• **Exercise**: In the listing below, a line holding "Method: estimate 3D box." and a line holding "Find the small" mark the range. Retype both exactly, with all lines between them.

• **Supplied entries**:

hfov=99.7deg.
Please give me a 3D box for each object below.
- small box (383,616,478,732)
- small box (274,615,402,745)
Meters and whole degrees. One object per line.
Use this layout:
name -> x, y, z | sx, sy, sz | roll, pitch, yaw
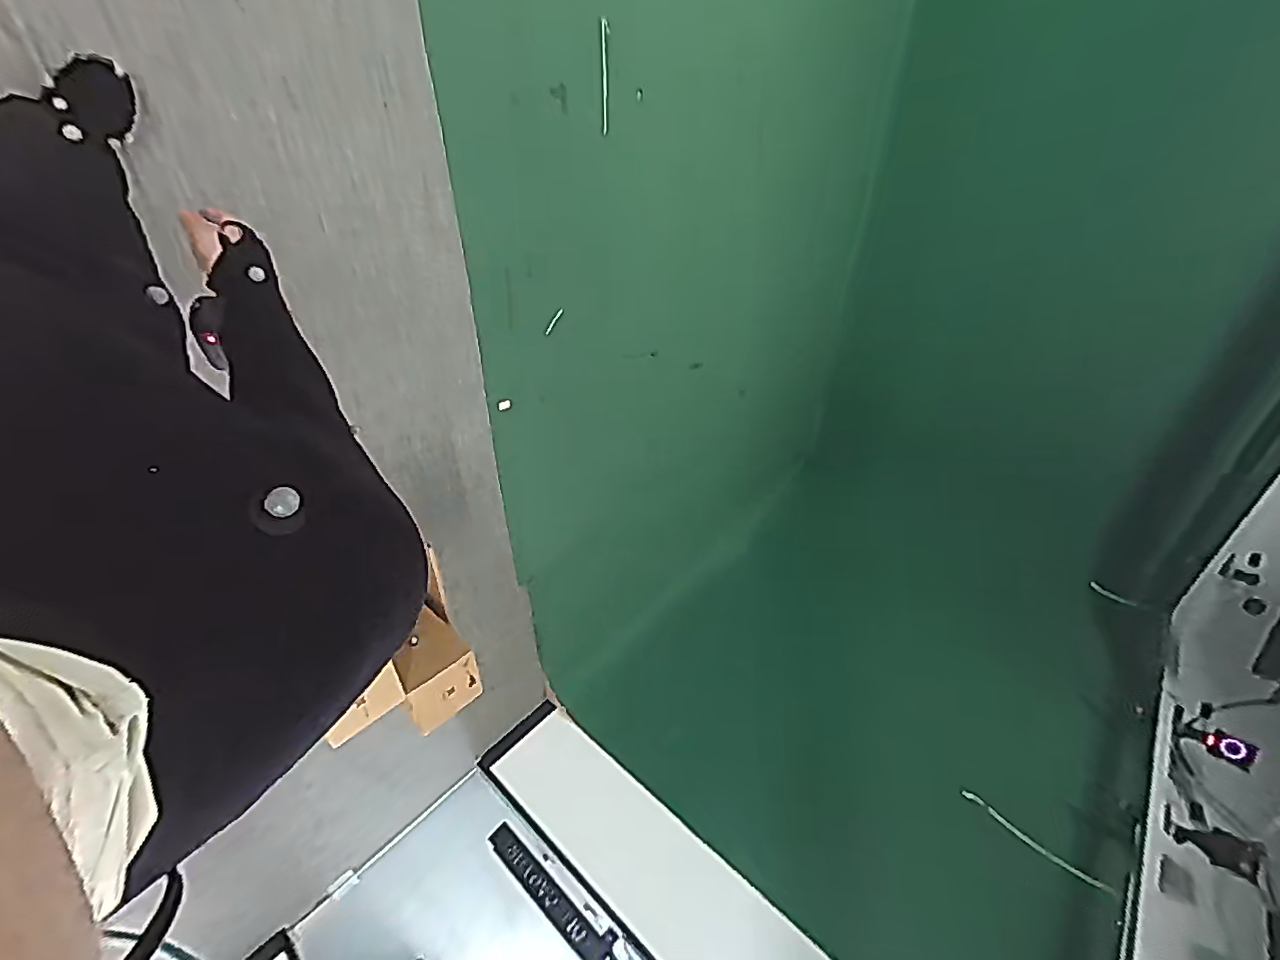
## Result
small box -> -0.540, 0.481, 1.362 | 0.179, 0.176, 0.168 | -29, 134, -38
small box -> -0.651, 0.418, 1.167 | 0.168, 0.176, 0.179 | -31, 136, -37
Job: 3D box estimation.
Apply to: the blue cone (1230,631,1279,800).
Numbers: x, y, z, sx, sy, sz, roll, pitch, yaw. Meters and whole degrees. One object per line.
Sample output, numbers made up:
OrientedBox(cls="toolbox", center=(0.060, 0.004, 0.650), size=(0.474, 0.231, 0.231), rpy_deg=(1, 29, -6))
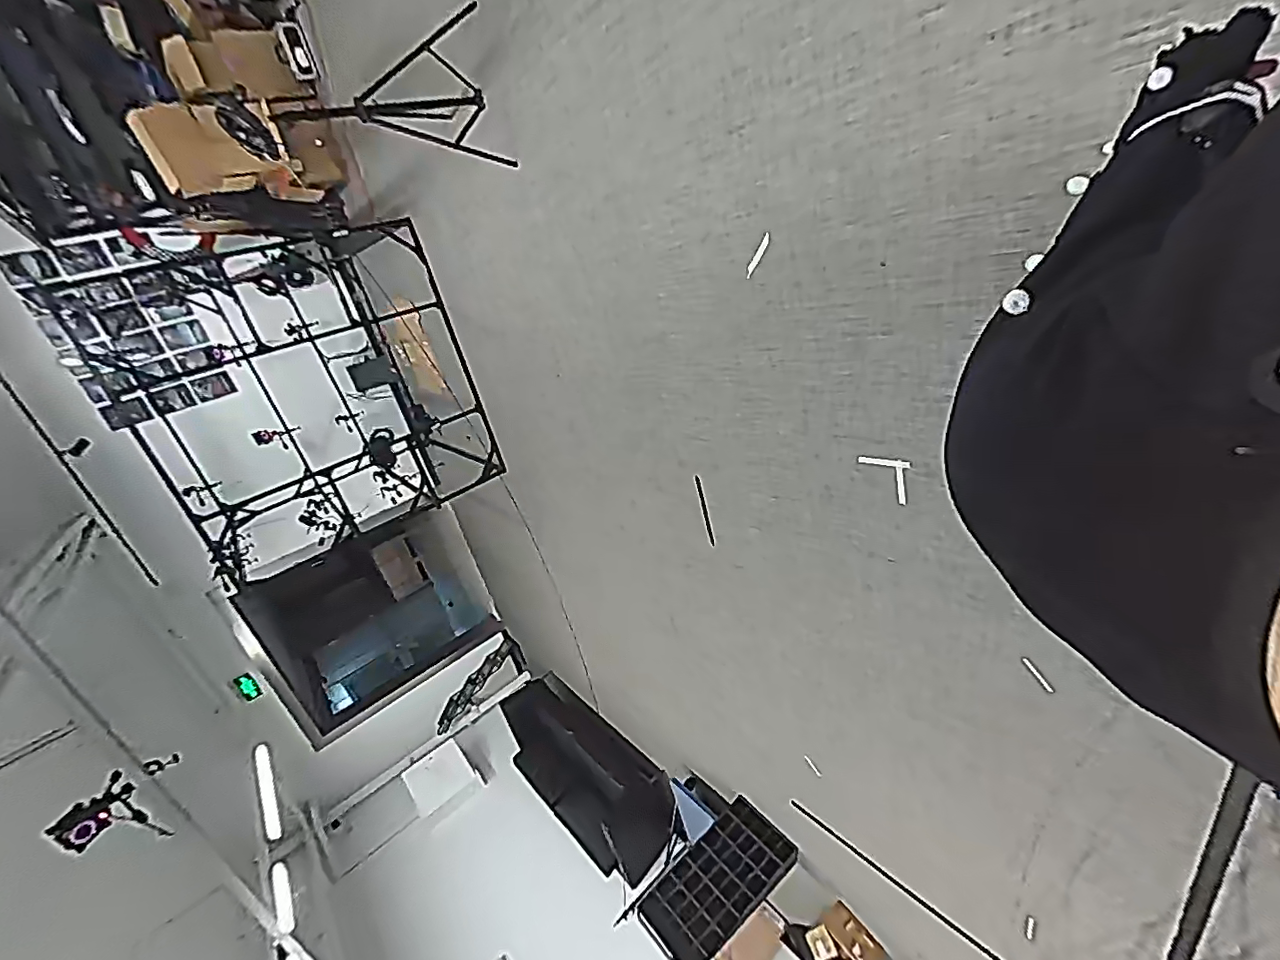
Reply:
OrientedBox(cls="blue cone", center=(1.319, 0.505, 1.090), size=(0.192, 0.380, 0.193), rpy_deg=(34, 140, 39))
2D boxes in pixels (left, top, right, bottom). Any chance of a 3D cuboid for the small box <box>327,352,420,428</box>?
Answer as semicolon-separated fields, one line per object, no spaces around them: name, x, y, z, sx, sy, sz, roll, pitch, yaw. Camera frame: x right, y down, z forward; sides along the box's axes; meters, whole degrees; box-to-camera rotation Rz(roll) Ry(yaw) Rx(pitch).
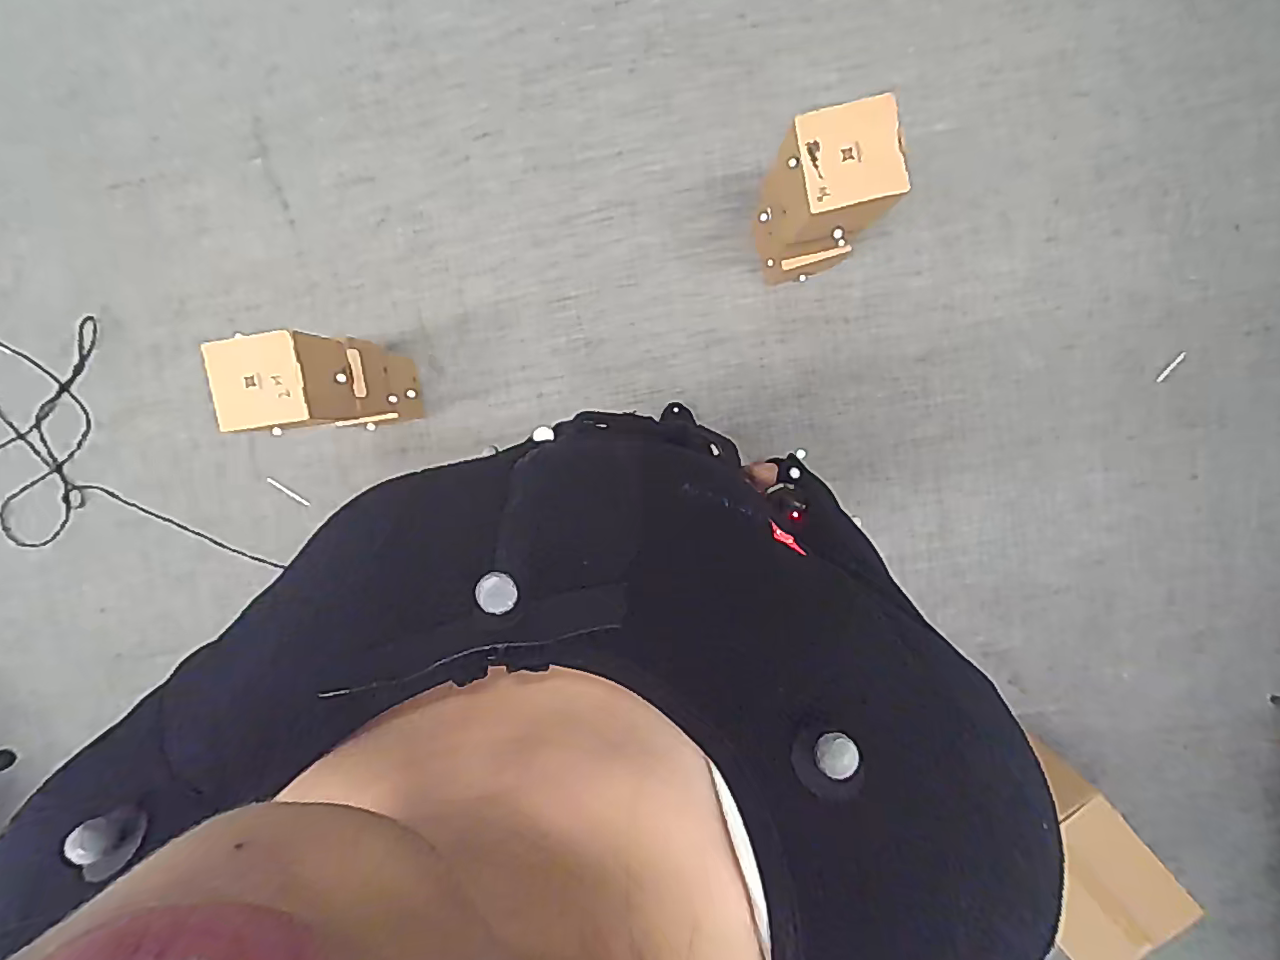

...

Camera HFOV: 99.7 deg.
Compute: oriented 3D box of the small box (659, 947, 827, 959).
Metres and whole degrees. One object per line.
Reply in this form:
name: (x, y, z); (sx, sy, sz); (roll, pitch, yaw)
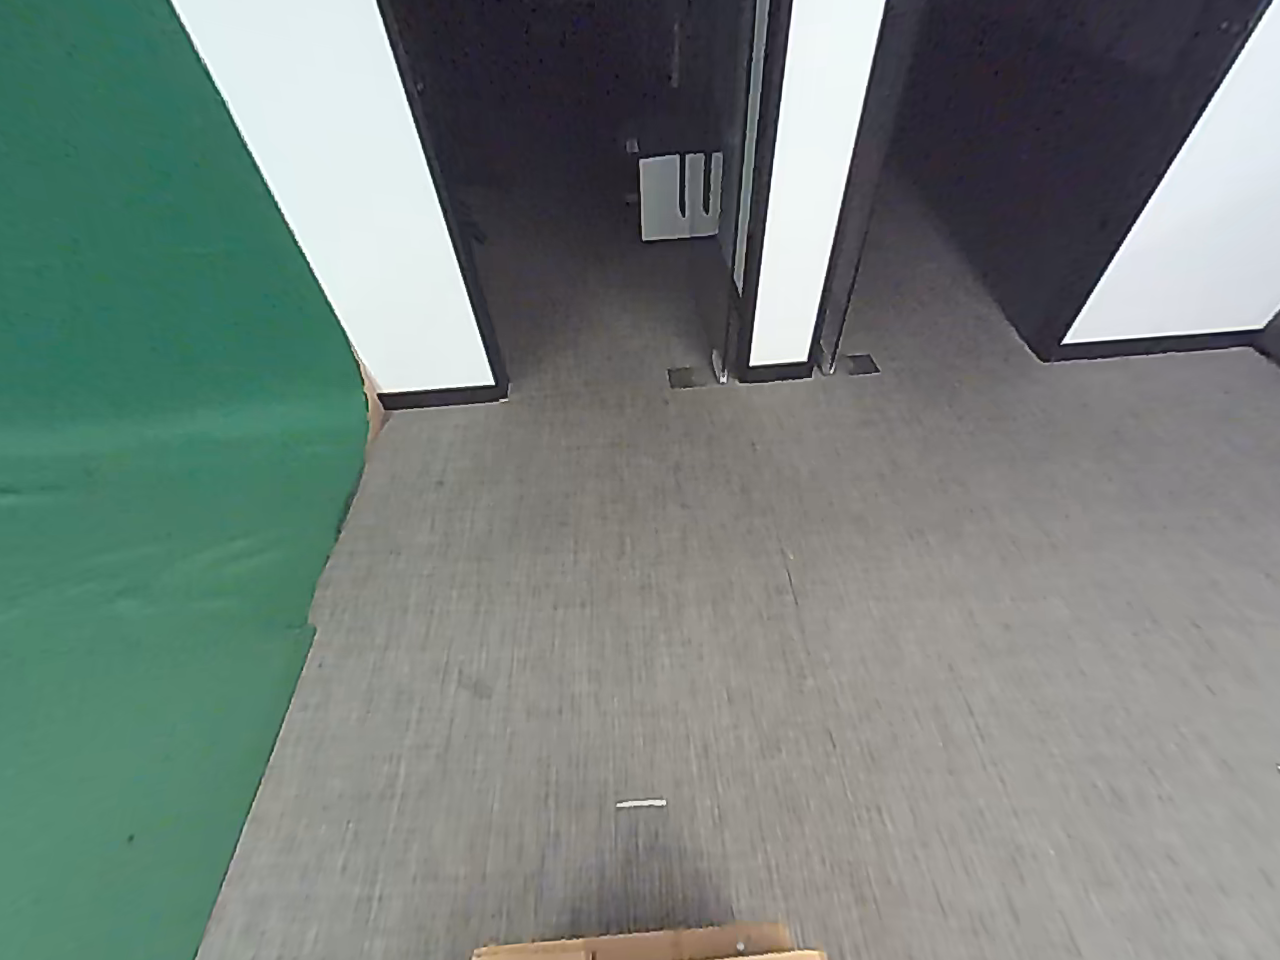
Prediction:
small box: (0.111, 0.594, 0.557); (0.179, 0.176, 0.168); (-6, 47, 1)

==

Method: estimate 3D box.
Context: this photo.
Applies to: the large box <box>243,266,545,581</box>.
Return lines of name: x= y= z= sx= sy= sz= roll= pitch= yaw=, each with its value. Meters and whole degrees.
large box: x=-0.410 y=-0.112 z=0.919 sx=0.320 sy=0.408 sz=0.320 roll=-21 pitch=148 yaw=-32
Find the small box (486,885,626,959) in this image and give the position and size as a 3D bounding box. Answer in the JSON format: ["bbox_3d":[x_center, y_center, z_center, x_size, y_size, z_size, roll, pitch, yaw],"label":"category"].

• **Exercise solution**:
Method: estimate 3D box.
Context: this photo.
Applies to: the large box <box>243,266,545,581</box>.
Return lines of name: x= y= z= sx= sy= sz= roll= pitch= yaw=, each with its value. Meters and whole degrees.
large box: x=-0.410 y=-0.112 z=0.919 sx=0.320 sy=0.408 sz=0.320 roll=-21 pitch=148 yaw=-32
Find the small box (486,885,626,959) in this image and give the position and size as a 3D bounding box. Answer in the JSON format: ["bbox_3d":[x_center, y_center, z_center, x_size, y_size, z_size, roll, pitch, yaw],"label":"category"].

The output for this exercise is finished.